# WORK TASK:
At the line containing "-- PHP Version: 5.6.19", begin repeating lines exactly, and stop only after the final line of the records below.

------------------------------------

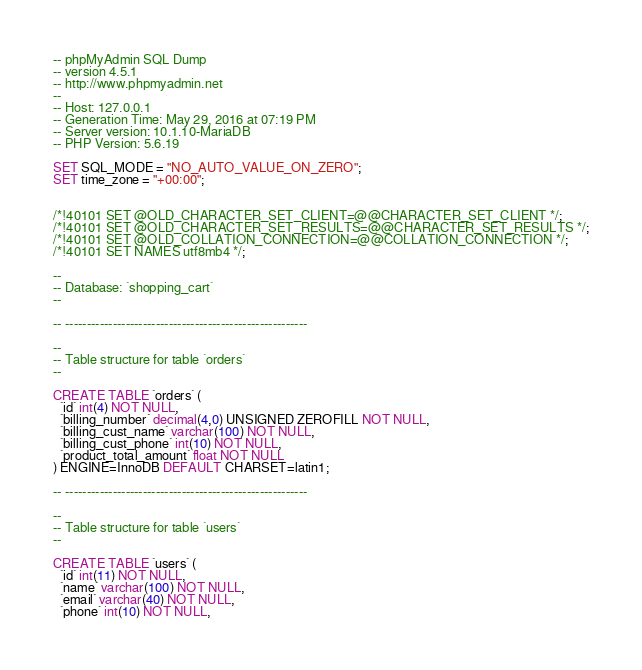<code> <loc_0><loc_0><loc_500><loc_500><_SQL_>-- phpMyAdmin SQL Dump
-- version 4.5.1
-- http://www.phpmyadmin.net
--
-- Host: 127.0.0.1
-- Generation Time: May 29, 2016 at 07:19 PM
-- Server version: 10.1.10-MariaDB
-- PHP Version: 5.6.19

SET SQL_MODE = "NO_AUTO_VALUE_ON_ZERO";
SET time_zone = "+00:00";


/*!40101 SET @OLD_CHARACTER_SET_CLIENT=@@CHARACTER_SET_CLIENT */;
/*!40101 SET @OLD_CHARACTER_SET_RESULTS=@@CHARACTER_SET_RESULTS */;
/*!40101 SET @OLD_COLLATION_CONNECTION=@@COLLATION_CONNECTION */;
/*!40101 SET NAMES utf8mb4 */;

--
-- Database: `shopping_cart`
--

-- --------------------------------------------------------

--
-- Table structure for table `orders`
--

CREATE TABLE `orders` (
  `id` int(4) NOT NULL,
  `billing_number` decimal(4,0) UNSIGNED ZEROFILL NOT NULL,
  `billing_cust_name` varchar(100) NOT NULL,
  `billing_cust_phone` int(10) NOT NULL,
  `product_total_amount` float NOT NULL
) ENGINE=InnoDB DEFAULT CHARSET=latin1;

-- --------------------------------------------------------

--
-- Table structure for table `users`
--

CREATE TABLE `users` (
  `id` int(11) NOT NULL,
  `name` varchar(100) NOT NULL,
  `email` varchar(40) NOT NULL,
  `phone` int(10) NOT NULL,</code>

------------------------------------

# SOLUTION BELOW:
-- PHP Version: 5.6.19

SET SQL_MODE = "NO_AUTO_VALUE_ON_ZERO";
SET time_zone = "+00:00";


/*!40101 SET @OLD_CHARACTER_SET_CLIENT=@@CHARACTER_SET_CLIENT */;
/*!40101 SET @OLD_CHARACTER_SET_RESULTS=@@CHARACTER_SET_RESULTS */;
/*!40101 SET @OLD_COLLATION_CONNECTION=@@COLLATION_CONNECTION */;
/*!40101 SET NAMES utf8mb4 */;

--
-- Database: `shopping_cart`
--

-- --------------------------------------------------------

--
-- Table structure for table `orders`
--

CREATE TABLE `orders` (
  `id` int(4) NOT NULL,
  `billing_number` decimal(4,0) UNSIGNED ZEROFILL NOT NULL,
  `billing_cust_name` varchar(100) NOT NULL,
  `billing_cust_phone` int(10) NOT NULL,
  `product_total_amount` float NOT NULL
) ENGINE=InnoDB DEFAULT CHARSET=latin1;

-- --------------------------------------------------------

--
-- Table structure for table `users`
--

CREATE TABLE `users` (
  `id` int(11) NOT NULL,
  `name` varchar(100) NOT NULL,
  `email` varchar(40) NOT NULL,
  `phone` int(10) NOT NULL,</code>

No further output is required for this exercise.